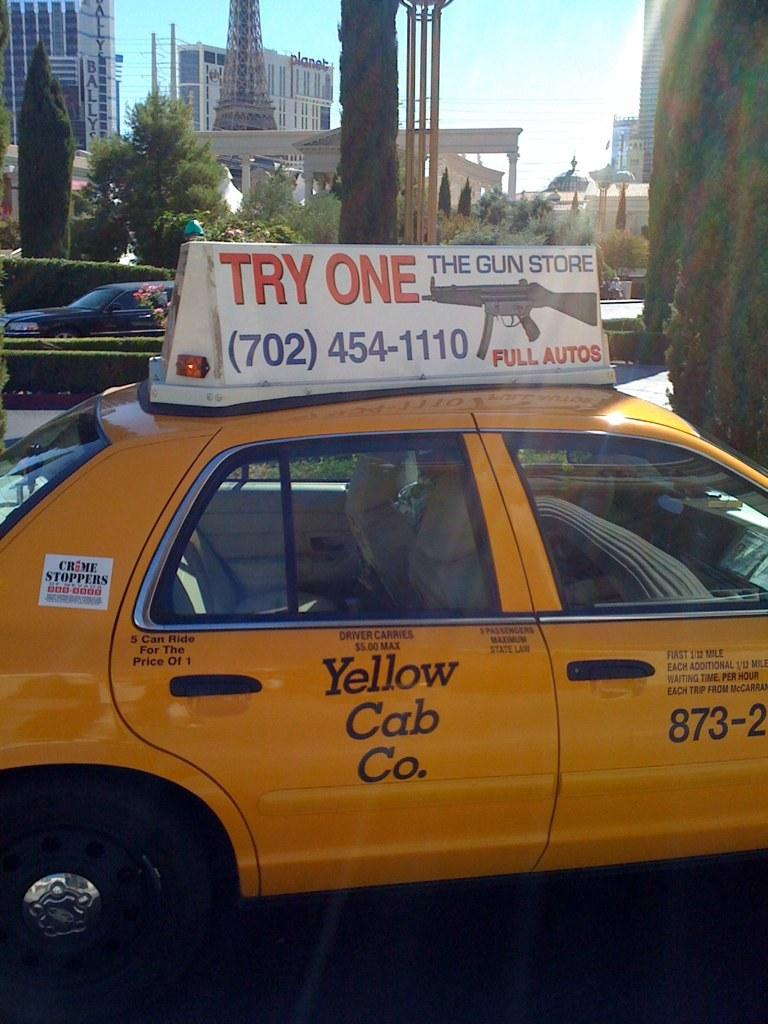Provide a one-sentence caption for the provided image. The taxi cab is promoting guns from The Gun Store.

• • • •

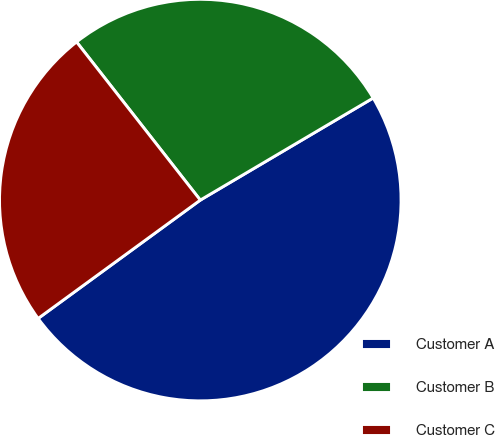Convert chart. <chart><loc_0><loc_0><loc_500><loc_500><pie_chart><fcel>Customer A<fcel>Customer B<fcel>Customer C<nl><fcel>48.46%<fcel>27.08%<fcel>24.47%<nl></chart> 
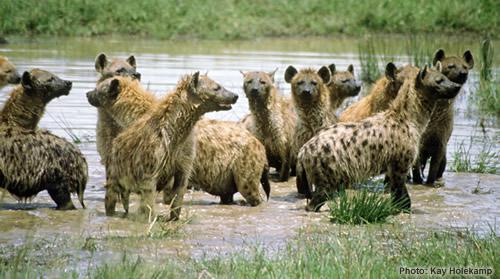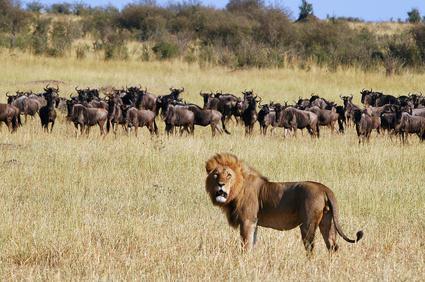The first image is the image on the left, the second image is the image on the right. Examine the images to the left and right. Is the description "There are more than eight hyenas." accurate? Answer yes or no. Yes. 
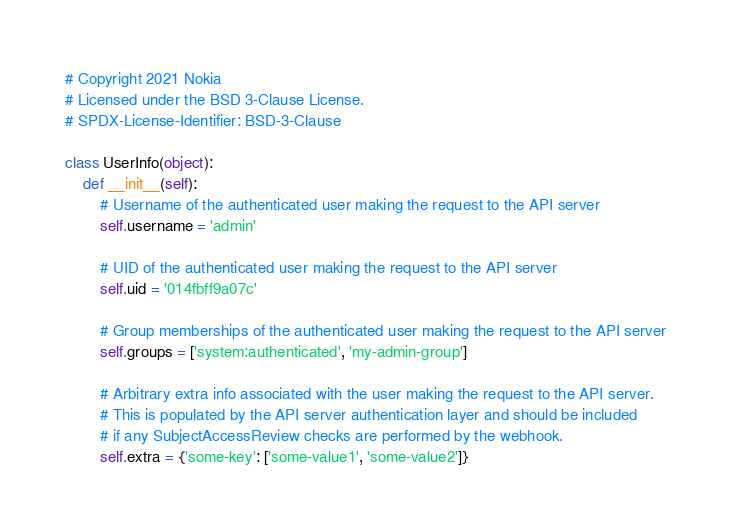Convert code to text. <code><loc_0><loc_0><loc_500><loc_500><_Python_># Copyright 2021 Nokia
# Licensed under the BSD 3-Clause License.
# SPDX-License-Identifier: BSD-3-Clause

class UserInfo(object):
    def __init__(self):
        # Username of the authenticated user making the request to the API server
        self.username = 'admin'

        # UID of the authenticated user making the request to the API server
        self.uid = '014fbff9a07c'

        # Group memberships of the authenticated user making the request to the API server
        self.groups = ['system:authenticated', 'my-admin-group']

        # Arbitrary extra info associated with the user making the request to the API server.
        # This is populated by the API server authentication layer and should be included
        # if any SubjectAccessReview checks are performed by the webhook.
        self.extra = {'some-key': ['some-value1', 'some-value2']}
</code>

• • • •

### EXERCISE BRIEF
Check every line of the data, and copy the ones that contain "self".

### RESULT
    def __init__(self):
        self.username = 'admin'
        self.uid = '014fbff9a07c'
        self.groups = ['system:authenticated', 'my-admin-group']
        self.extra = {'some-key': ['some-value1', 'some-value2']}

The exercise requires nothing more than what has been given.